Requirement: Working from the records below, repeat exactly the lines starting at the line that contains "- car (175,195,186,203)" and ending at the line that contains "- car (153,198,155,212)", inclusive.

Dataset content:
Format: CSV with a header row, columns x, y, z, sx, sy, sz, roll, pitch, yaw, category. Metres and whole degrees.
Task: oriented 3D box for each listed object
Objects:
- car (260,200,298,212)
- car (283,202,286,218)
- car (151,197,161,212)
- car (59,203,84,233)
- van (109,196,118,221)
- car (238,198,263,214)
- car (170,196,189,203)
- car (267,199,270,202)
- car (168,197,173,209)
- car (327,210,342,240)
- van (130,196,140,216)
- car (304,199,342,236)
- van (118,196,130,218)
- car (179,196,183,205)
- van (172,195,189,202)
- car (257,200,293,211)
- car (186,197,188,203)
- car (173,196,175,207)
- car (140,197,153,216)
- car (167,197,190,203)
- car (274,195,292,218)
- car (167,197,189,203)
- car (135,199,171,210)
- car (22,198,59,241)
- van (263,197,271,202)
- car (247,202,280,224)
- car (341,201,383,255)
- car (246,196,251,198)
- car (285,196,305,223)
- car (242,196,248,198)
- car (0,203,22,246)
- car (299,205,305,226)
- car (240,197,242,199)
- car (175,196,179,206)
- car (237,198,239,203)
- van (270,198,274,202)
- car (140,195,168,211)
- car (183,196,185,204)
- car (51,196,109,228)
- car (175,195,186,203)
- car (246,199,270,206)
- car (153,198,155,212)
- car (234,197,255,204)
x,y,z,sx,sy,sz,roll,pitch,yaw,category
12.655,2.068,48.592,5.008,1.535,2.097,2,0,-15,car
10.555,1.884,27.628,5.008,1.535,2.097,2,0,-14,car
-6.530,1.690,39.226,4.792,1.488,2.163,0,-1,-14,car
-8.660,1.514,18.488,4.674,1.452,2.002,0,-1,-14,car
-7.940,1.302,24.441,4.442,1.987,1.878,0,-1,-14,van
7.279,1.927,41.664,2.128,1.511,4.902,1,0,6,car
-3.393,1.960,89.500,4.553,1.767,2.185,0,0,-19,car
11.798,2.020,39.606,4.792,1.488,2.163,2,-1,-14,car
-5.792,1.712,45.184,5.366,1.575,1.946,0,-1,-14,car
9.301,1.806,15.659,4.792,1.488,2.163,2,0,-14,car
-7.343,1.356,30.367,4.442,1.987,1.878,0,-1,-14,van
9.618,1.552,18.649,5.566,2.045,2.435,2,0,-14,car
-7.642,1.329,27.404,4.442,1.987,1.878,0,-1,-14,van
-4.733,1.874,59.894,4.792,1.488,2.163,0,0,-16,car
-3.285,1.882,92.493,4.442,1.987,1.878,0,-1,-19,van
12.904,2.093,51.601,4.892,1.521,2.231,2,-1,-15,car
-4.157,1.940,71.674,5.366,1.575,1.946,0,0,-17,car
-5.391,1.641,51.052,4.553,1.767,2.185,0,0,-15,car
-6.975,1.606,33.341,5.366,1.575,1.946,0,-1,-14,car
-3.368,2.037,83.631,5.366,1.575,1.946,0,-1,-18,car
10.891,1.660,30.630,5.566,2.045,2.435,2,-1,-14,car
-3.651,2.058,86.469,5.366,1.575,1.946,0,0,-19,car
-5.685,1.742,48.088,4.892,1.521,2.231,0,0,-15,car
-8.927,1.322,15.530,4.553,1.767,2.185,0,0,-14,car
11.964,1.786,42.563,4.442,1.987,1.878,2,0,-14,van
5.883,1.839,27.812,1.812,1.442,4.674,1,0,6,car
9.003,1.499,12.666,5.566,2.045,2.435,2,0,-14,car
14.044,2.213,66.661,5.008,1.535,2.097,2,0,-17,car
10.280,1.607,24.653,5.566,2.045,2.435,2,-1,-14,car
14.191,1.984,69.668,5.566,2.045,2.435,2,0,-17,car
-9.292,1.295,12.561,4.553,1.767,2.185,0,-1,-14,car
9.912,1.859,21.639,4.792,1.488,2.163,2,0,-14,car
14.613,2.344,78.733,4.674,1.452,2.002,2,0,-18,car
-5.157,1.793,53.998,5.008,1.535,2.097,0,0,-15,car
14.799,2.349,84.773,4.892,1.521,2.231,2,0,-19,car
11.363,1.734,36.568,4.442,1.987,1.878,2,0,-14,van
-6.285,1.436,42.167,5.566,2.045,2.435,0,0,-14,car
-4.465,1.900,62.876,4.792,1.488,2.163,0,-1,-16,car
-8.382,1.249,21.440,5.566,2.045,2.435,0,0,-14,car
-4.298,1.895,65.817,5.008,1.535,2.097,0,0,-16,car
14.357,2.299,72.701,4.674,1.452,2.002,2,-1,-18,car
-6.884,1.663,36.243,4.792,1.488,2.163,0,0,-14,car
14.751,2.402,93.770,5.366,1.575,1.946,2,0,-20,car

Written solution:
- car (175,195,186,203)
- car (246,199,270,206)
- car (153,198,155,212)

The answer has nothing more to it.